*Task requirements*: From the material below, list every line containing "Numbers".

*Records provided*:

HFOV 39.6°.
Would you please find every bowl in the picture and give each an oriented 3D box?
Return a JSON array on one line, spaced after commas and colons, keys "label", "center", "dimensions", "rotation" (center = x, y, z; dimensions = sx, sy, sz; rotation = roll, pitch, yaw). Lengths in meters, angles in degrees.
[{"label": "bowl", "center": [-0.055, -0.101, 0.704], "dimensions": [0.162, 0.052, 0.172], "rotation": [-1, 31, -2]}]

...

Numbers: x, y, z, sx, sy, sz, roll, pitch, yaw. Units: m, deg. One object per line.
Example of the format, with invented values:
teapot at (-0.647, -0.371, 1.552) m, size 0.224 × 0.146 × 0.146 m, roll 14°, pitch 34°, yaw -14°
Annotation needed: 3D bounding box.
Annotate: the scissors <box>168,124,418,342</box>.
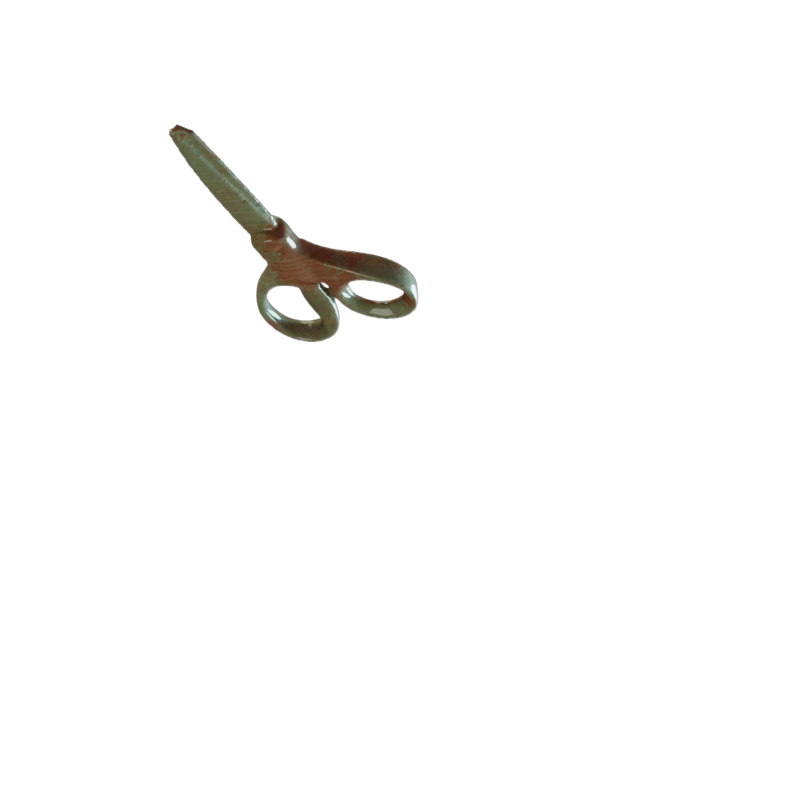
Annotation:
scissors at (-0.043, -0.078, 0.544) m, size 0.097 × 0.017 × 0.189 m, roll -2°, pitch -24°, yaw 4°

* * *

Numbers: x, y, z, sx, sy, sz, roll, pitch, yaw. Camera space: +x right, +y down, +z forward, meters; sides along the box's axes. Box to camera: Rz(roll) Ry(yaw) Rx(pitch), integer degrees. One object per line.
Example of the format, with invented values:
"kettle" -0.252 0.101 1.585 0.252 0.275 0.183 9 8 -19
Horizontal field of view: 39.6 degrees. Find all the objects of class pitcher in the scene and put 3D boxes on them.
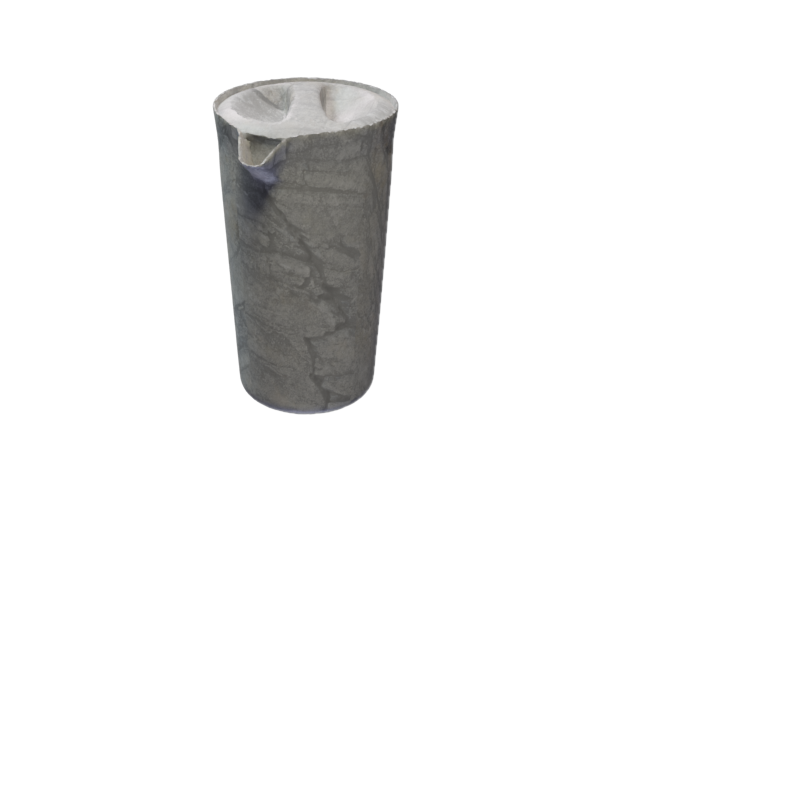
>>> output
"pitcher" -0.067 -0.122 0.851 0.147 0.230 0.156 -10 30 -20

*Expected answer*:
Numbers: x, y, z, sx, sy, sz, roll, pitch, yaw. Units: m, deg. One object per line.
Numbers: x, y, z, sx, sy, sz, roll, pitch, yaw. Camera space: +x right, +y down, +z forward, meters; sides along the box's axes. Box to camera: Rz(roll) Ry(yaw) Rx(pitch), integer degrees. One object per line.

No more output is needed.